To fully use this screen, you must have the following permissions assigned to your account:
- Write Virtual Machines
- View Core License
- Read Utilization
To learn how to install Armor Anywhere, see Install Armor Anywhere.
Review Virtual Machines
The Virtual Machines screen provides a high-level view of all of your virtual machines.
- In the Armor Management Portal (AMP), in the left-side navigation, click Infrastructure.
- Click Virtual Machines.
- Search by Virtual Machine, Primary IP, or Tag.
- Filter by Type, State, or Power Status.
| Field | Description |
|---|---|
| Name | This column displays the name of the instance from your public cloud account. |
| Primary IP | This column displays the the primary IP address associated with the instance. |
| Type | This column display the type of instance, specific to the offerings offered by your public cloud provider, such as EC2 instance for AWS.
|
| Date Created | This column displays the date the instance was created in your public cloud account. |
| Security Groups | This column displays the corresponding security group from your public cloud account. |
| State | This column displays the security status of the instance, in relation to the installed agent. There are three states:
|
| Power | This column displays the power status of the virtual machine:
|
| Tags | This column displays any tags that have been added to the virtual machine on the Tags + Notes screen. |
Review Details for a Specific Virtual Machine
From the Virtual Machines screen, you can access detailed information for each virtual machine.

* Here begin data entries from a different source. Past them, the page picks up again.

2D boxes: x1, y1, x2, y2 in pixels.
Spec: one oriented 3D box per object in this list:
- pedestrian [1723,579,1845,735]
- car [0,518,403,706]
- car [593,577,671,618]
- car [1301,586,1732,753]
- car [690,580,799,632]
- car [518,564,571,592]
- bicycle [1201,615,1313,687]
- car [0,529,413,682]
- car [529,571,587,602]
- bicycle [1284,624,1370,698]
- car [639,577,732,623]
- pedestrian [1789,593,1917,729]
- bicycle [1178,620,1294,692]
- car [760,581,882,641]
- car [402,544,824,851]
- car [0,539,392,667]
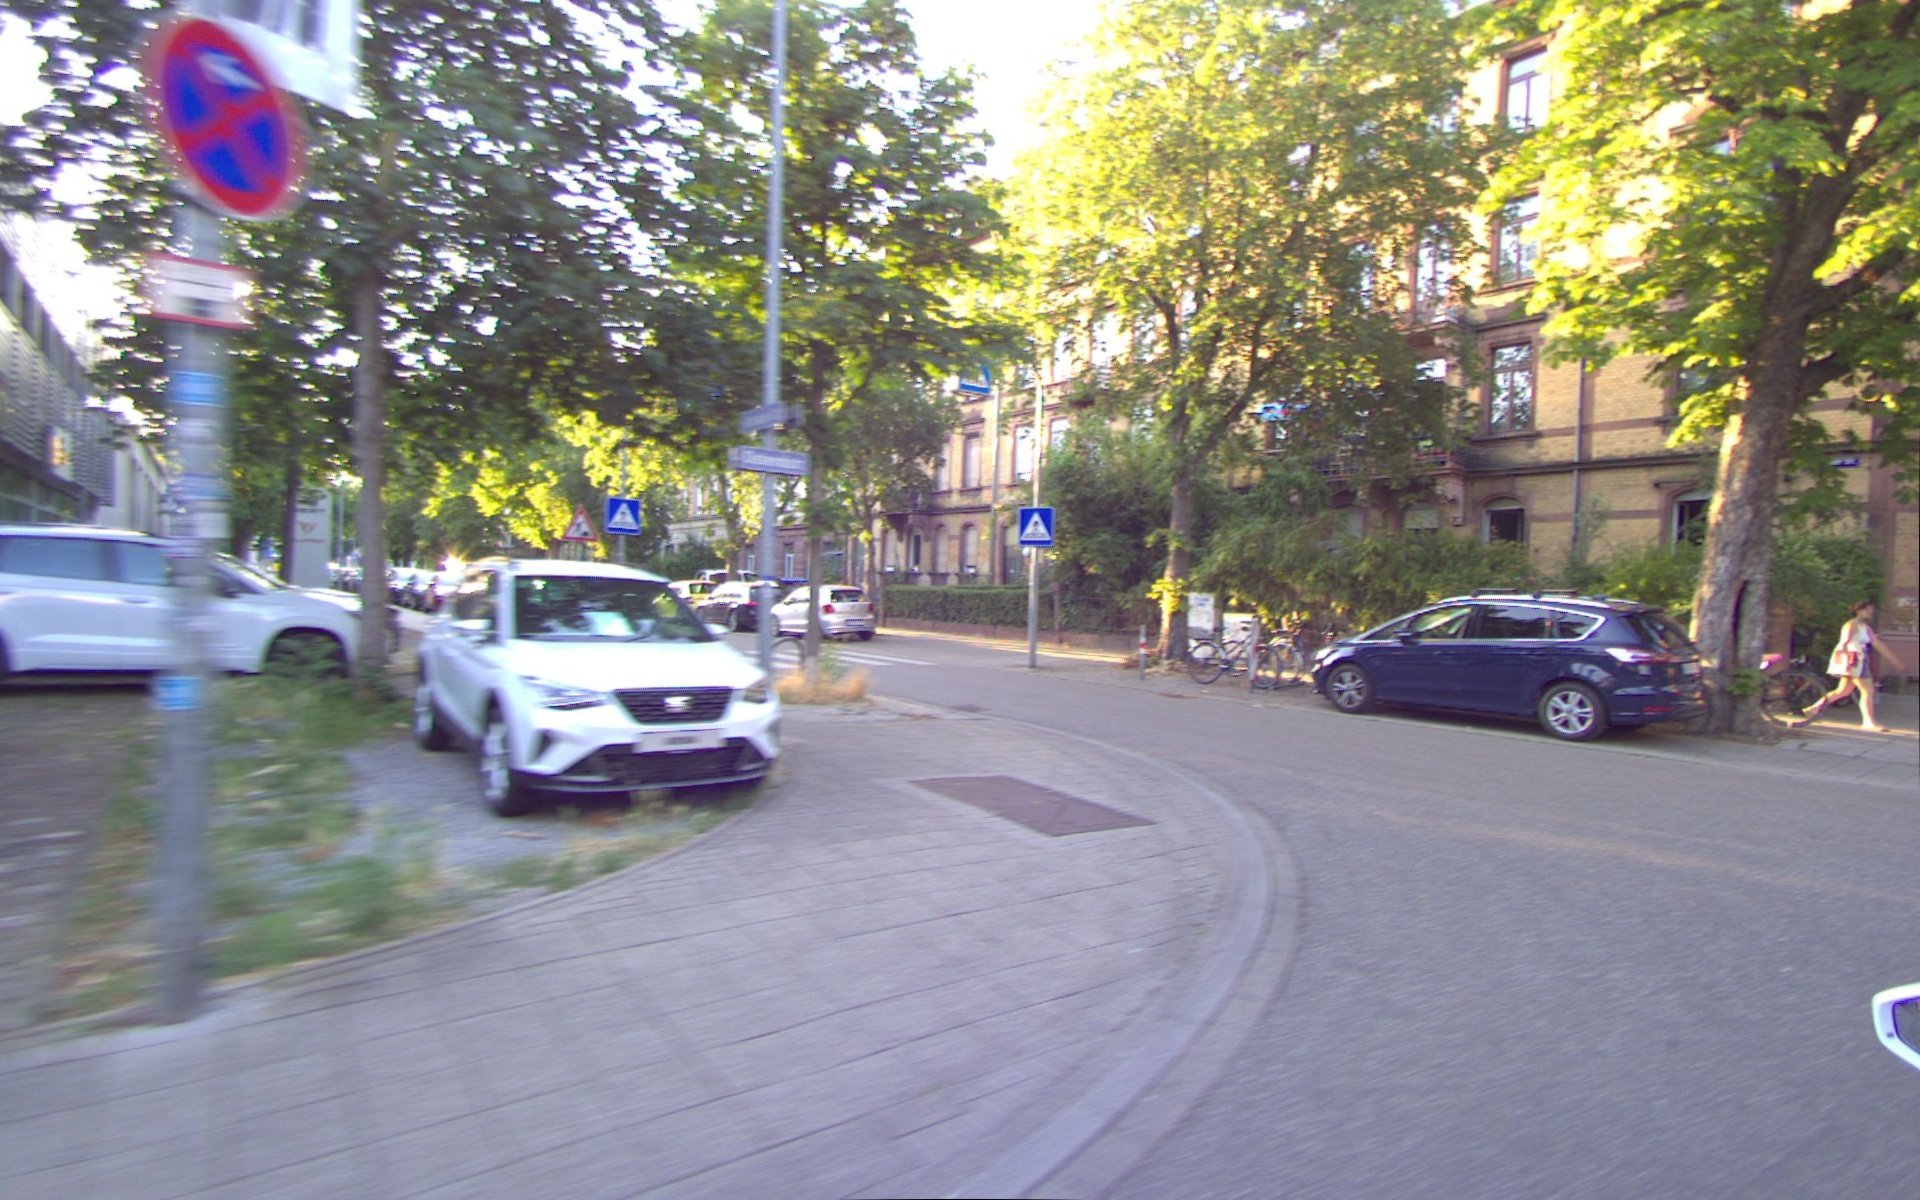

- In the Armor Management Portal (AMP), in the left-side navigation, click Infrastructure.
- Click Virtual Machines.
- Locate and select the desired instance.
Overview
This section displays detailed information for the virtual machine.
| Column | Description |
|---|---|
| Type | This entry displays the type of instance, specific to the offerings offered by your public cloud provider, such as EC2 instance for AWS.
|
| Provider | This entry displays the public cloud provider for the instance. |
| Instance ID | This entry displays the ID associated with the instance or virtual machine. |
| Instance State | This entry displays the security status of the instance or virtual machine. |
| Original OS Version | This entry displays the original operating system for the instance or virtual machine. |
| Current OS Version | This entry displays the current operating system for the instance or virtual machine. |
| Public IP | This entry displays the public IP address associated with the instance or virtual machine. |
| Agent ID | This entry displays the unique ID associated with the Armor Agent. |
| Agent Version | This entry displays the version of the Armor Agent. |
| Last Heartbeat | This entry displays the date and time of the last successful heartbeat. |
Sub-Agent Health Table
This section displays the sub-agent health related to your Armor-protected virtual machines.
| COLUMN | DESCRIPTION |
|---|---|
| Name | This entry displays the specific service that is being checked. |
| Product | This column displays the product name associated with the sub-agent (i.e. Trend, Rapid7). |
| Sub-Agent Version | This column displays the sub-agent version. |
| State | This entry displays the status of the service, either OK, Needs Attention, or Pending.
|
| Message | If the status is Needs Attention, then this entry will display additional details on the service check results. |
Review Sub-Agent Health Details for a Virtual Machine
For each of your virtual machines, you can view sub-agent health details. You can use this information to troubleshoot agents that may be in a bad state.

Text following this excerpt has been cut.